Aim of the exercise: Filter the listing below down to the lines with the word "bounding" and copy those.

Data supplied:
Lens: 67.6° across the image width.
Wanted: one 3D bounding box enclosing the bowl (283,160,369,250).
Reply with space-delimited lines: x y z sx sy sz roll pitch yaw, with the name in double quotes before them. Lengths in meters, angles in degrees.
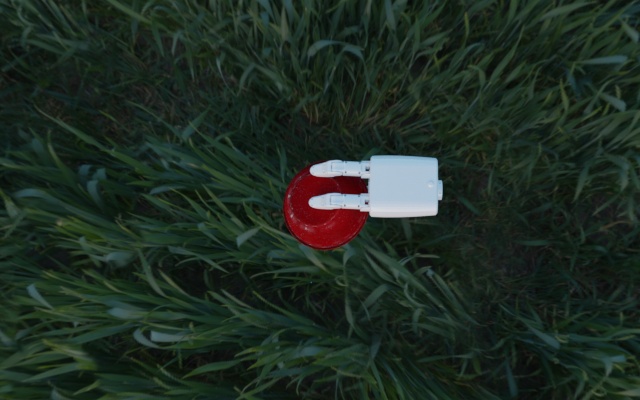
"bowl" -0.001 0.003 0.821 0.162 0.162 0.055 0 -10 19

---

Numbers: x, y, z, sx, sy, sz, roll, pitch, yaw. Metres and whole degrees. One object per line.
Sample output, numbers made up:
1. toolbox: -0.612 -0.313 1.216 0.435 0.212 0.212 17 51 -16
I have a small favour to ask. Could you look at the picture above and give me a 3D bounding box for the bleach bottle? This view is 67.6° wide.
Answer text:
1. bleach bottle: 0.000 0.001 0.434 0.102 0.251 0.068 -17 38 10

Solution:
Wanted: one 3D bounding box enclosing the bowl (283,160,369,250).
I have a small favour to ask. Could you look at the picture above and give me a 3D bounding box for the bleach bottle? This view is 67.6° wide.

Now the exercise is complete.